Вид у Темир-Булата в целом был подавленный. Иное дело Уллу-Бий Буйнакский. Не то чтобы он в ту пору уже был особо близок к большевикам, но он был восхищён их решительностью, их обещаниями и личностью самого Ленина. Его жажде деятельности не было предела.
Помню, что на собрании Облисполкома Коркмасов осудил большевистский переворот, но и ему самому досталось за нерешительность в борьбе с эсерами-максималистами, большевиками и анархистами, то есть с Петровским комитетом Уллу-Бия. Через неделю Джелала сменил на посту председателя Облисполкома сторонник Гоцинского Темир-Булат Бамматов, старший брат Гайдара. Почти всех социалистов в Облисполкоме заменили члены «Милли-Комитета». Исключением оставался, кажется один только Алибек Тахо-Годи, у которого сохранялись на тот момент некоторые колебания по поводу собственной политической ориентации.

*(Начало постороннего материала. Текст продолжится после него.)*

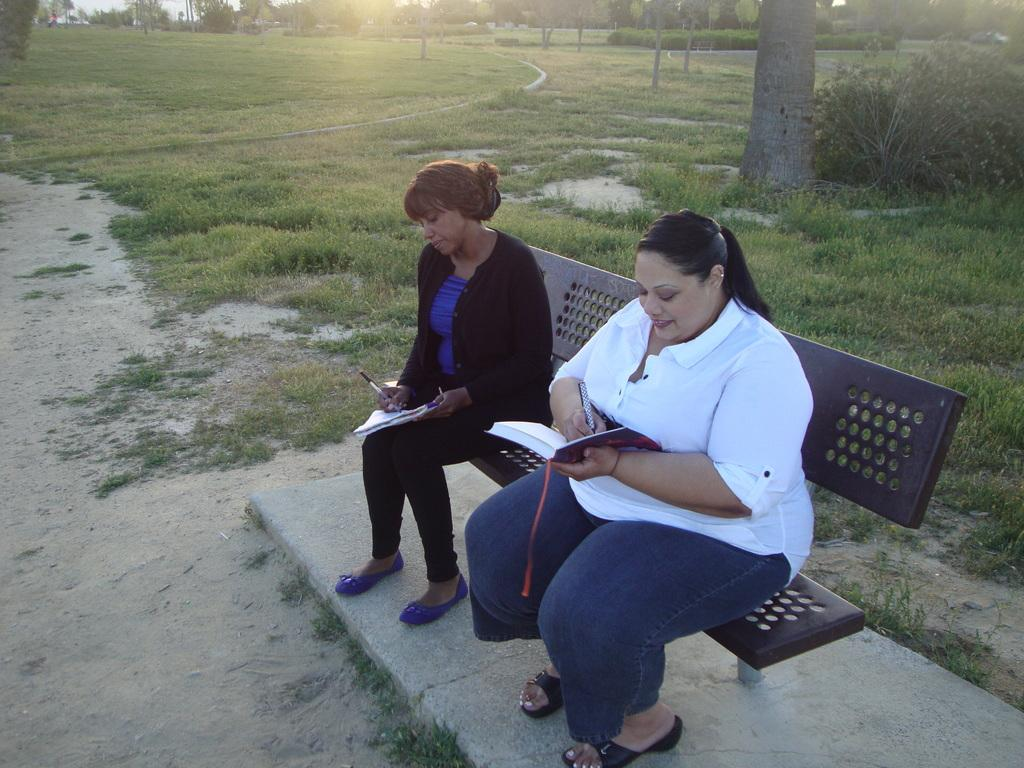What are the women in the image doing? The two women are sitting on a bench in the image. What are the women holding in their hands? The women are holding a book and a pen. What can be seen in the background of the image? There are trees and shrubs in the background of the image. What type of bomb can be seen in the image? There is no bomb present in the image. Are the women playing with any balls in the image? There are no balls present in the image.

В январе разразился политический кризис, ознаменовавший окончание падение престижа власти Облисполкома. Гоцинский устроил парад своих войск в Темир-Хан-Шуре, а затем вступил в перестрелку с милицией Социалистической группы в Дженгутае. Потом полыхнуло в Хасав-Юртовском округе. Там всё более отдалявшийся от несмелого «имама» более деятельный Узун-Хаджи учинил «газават», так он называл резню безоружного русского и немецкого населения.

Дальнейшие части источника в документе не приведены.